/ domingo 8 de septiembre de 2019

Adivina, adivinador

Ésta era la cuadragésima octava vez que la señora de la Meza cumplía años. La idea le desagradó, y dijo: “¡Qué vida tan monótona, la mía!”. Pero lo dijo de modo tan callado que nadie la escuchó. Cuarenta y ocho años. A su edad, su madre ya había muerto; y, ahora que lo pensaba, su padre también. “¡Dios mío!”, gimió. Y como nadie estaba cerca para escucharla, volvió a gemir, pero ahora con voz más ronca: “¡Dios mío!”.

Se dirigió al espejo, intentó arreglarse el pelo –una maraña de mechones rojizos en la punta y blancuzcos en la raíz-, bostezó dos veces seguidas y se puso a pensar en lo que había sido su vida hasta el día de hoy. “Un fracaso.

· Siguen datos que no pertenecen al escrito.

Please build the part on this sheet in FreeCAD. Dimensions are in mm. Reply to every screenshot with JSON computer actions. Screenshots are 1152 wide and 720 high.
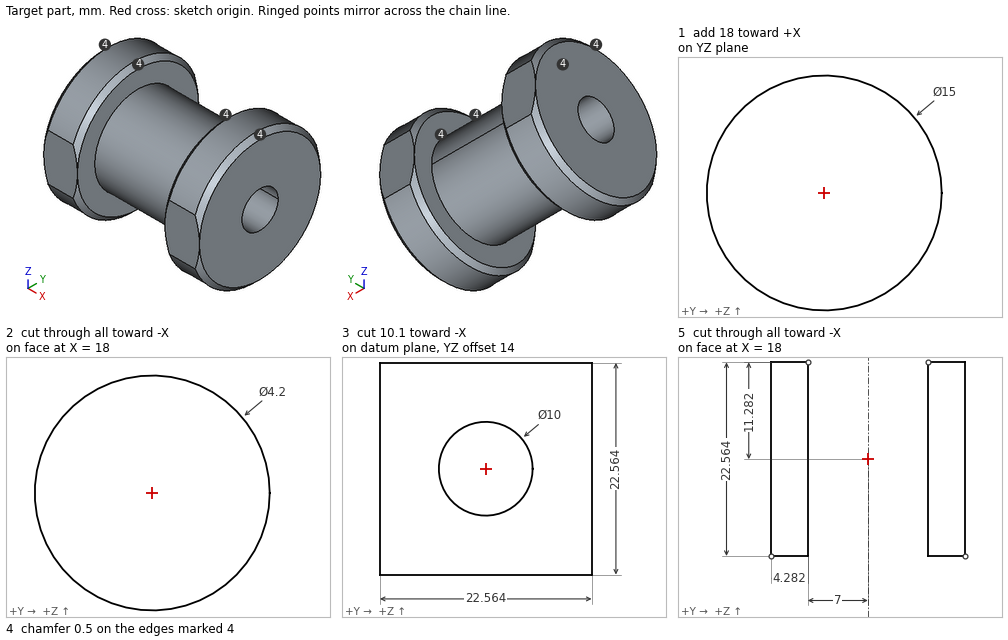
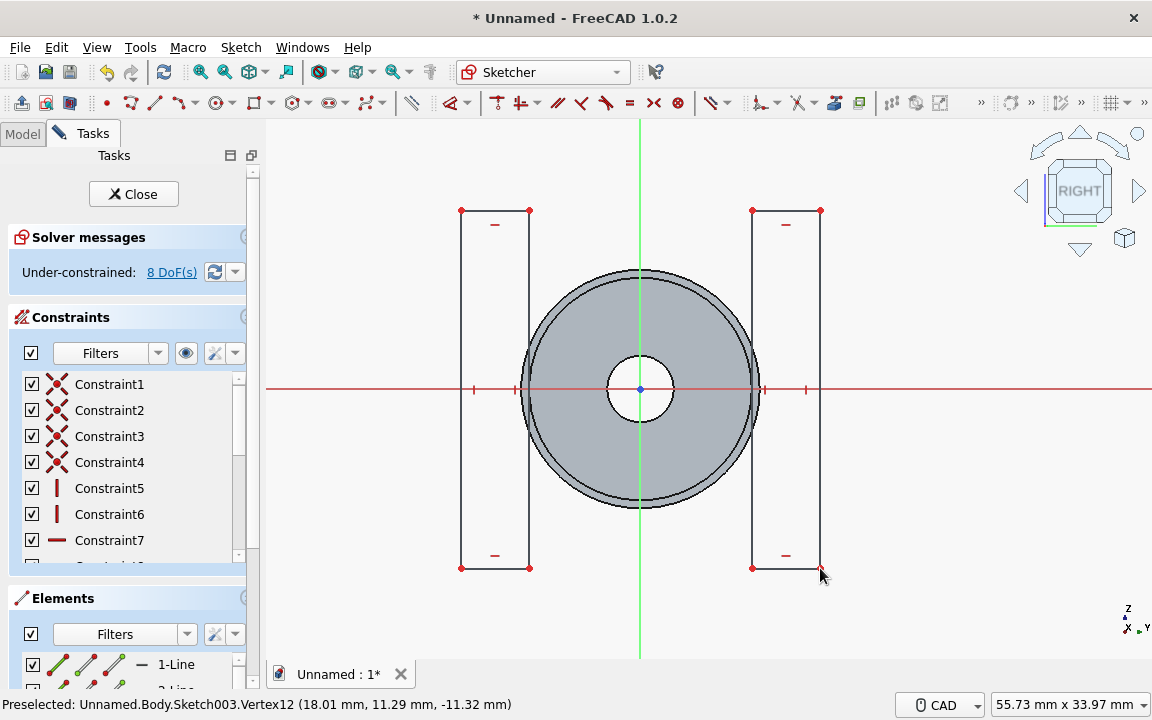
{"action": "left_click", "coordinate": [529, 211]}
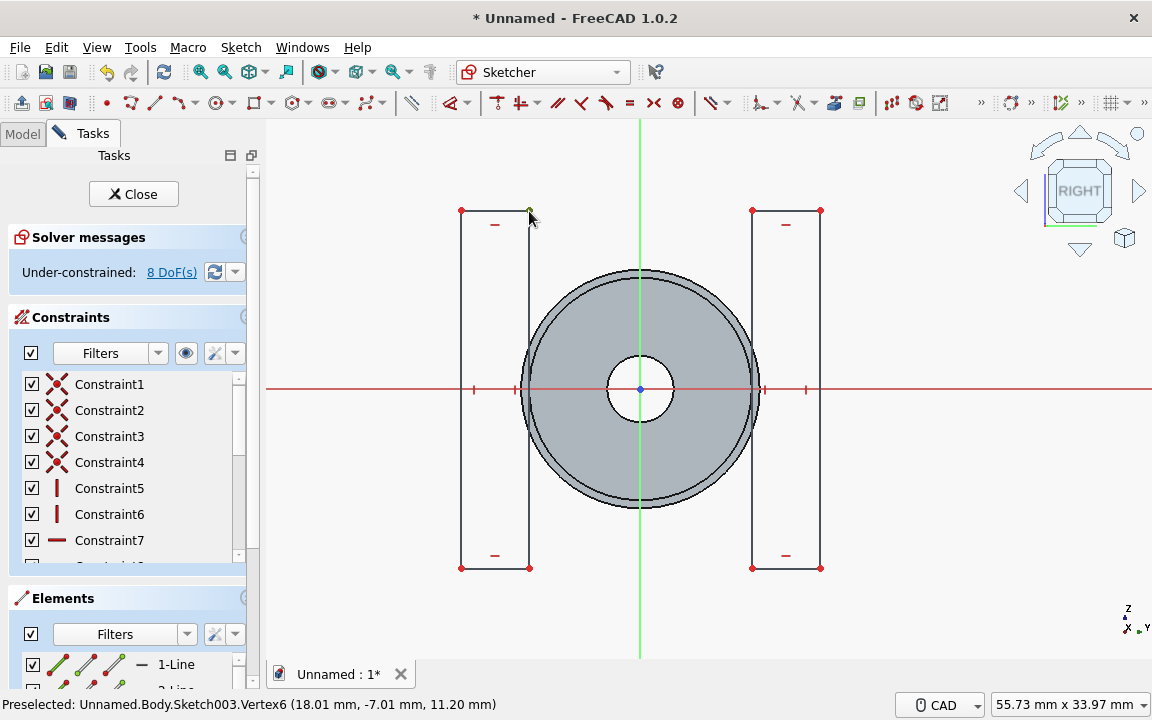
{"action": "left_click", "coordinate": [752, 211]}
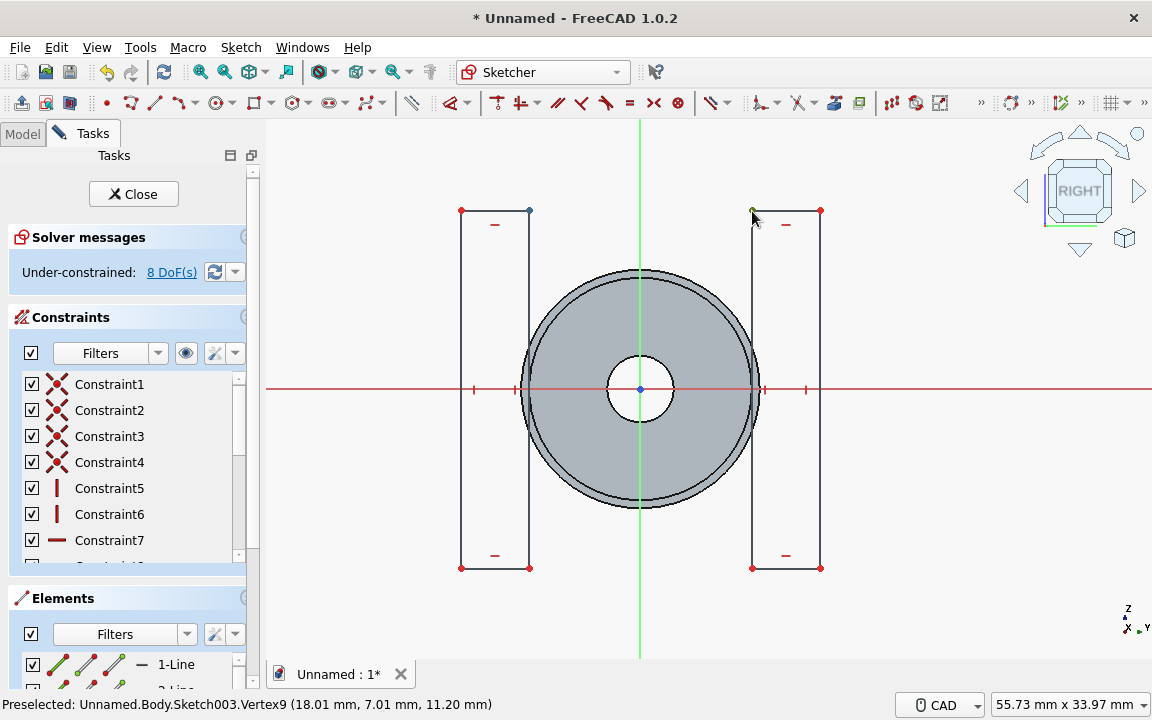
{"action": "left_click", "coordinate": [640, 596]}

Un total y rotundo fracaso”.

Pero el día de hoy era su cumpleaños y no iba a permitir que pensamientos desoladores le robaran la poca alegría de que aún podía hacer gala…

Su marido, sin embargo, no le había dicho nada al despedirse de ella. Para ser sinceros, ni siquiera ella misma, al levantarse, recordaba qué día era hoy, pero le indignó mucho el descuido de su esposo. ¿Cómo había podido olvidar que hoy era 8 de agosto de mayo, y que el 8 de agosto era su cumpleaños? Pero no, no se había acordado. Como siempre. ¡Si por lo menos le hubiera cantado las mañanitas mientras se ponía los calcetines! Pero así era él: de ese hombre no cabía esperar nada. “¿Y si me llevara a cenar para reparar su falta?”, pensó. “Y también para consolarme de estar tan vieja…”.

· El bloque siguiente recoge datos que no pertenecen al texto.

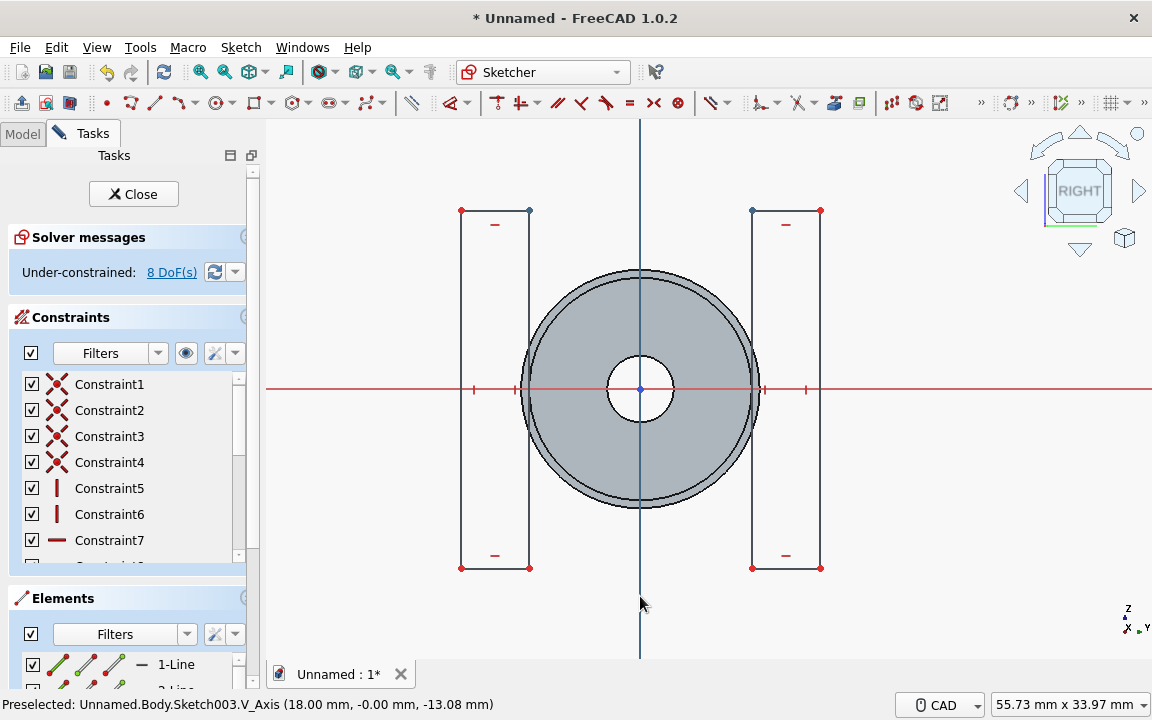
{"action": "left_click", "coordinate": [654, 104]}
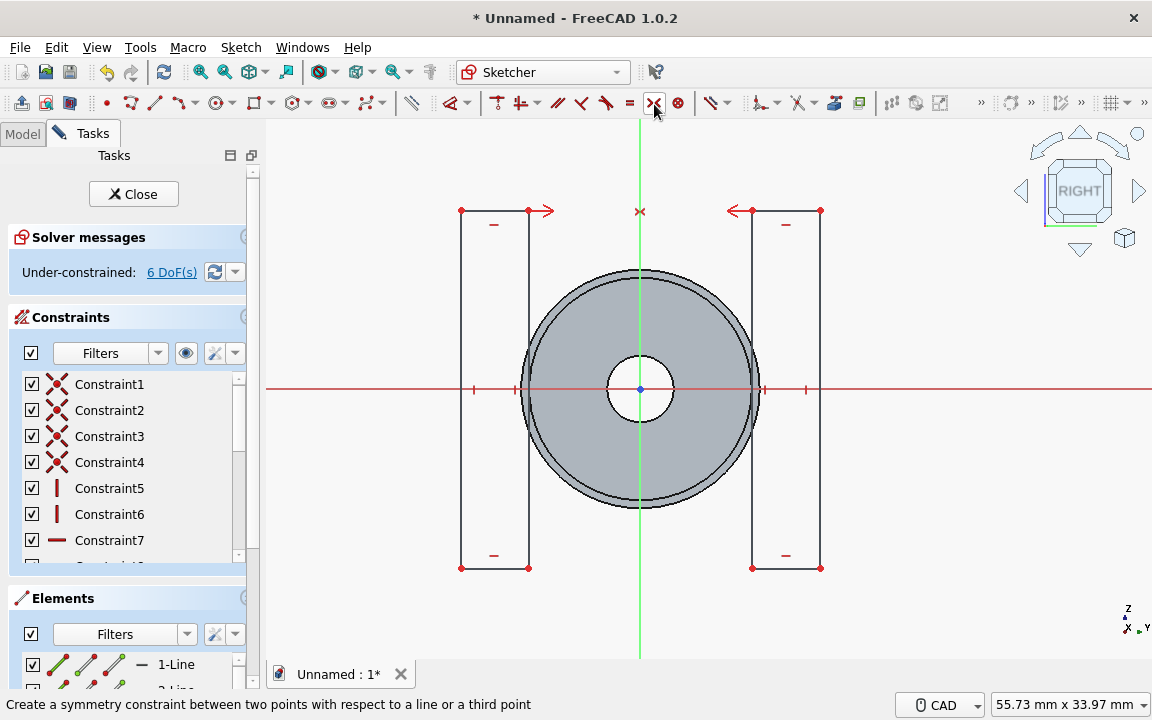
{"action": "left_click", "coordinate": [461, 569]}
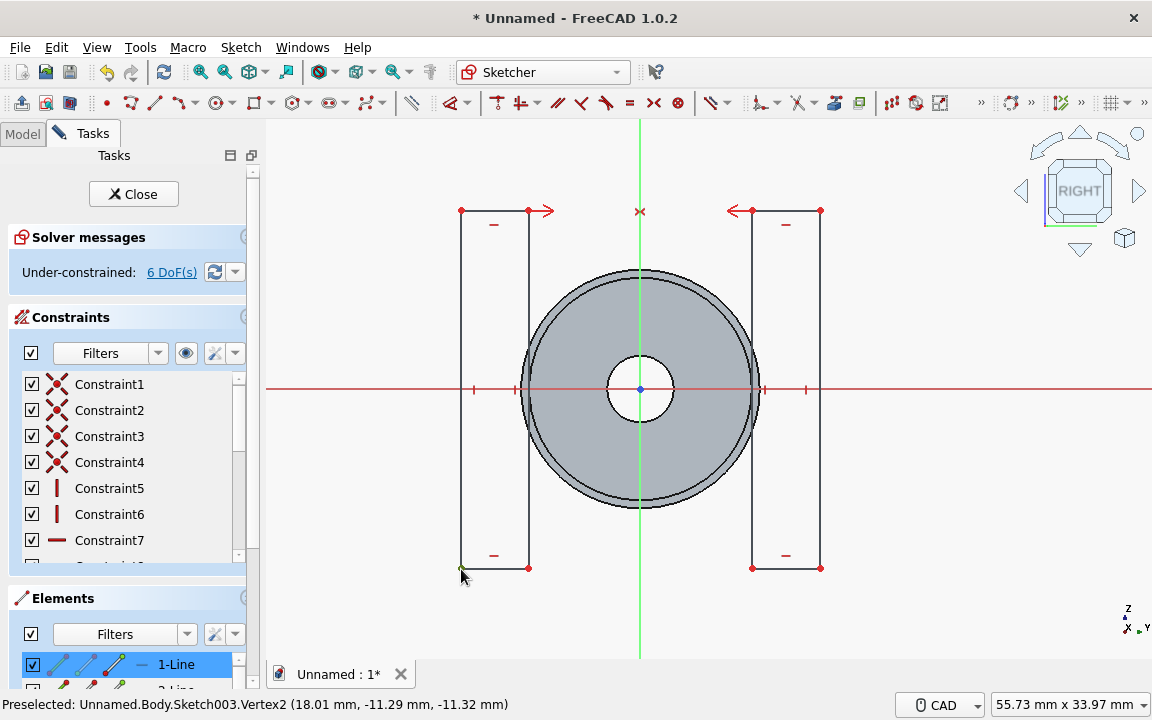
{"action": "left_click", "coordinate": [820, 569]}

Se apartó del espejo y se dirigió al armario, del que extrajo un vestido largo que era una orgía de colores verdes, rojos, amarillos y violetas. “Pero, ¿me quedará todavía?”. Se lo midió. Y, para su sorpresa, todavía le quedaba. Sonrió, satisfecha de sí misma, y extendió la prenda sobre la cama. Un cierto olor a naftalina inundó el ambiente.

-Con este vestido, que no me había vuelto a poner desde hace diez años, no, quince, saldré esta noche para celebrar mi cumpleaños.

La idea la hizo sonreír. ¡No había engordado desde entonces! Su marido, en cambio… Cuando se casó con él usaba pantalones talla 32, y ahora la 36 apenas le cerraba.

Dejó de sonreír cuando recordó que era el cumpleaños número cuarenta y ocho de su vida. Y se sentó en un sillón, vencida por los golpes del tiempo, a esperar a su marido. ¡Por supuesto que no pensaba decirle nada! Esperaría a que él recordara. Pues si ella le dijera: “¿Adivina qué celebramos hoy, cariño?”, la cosa no tendría chiste.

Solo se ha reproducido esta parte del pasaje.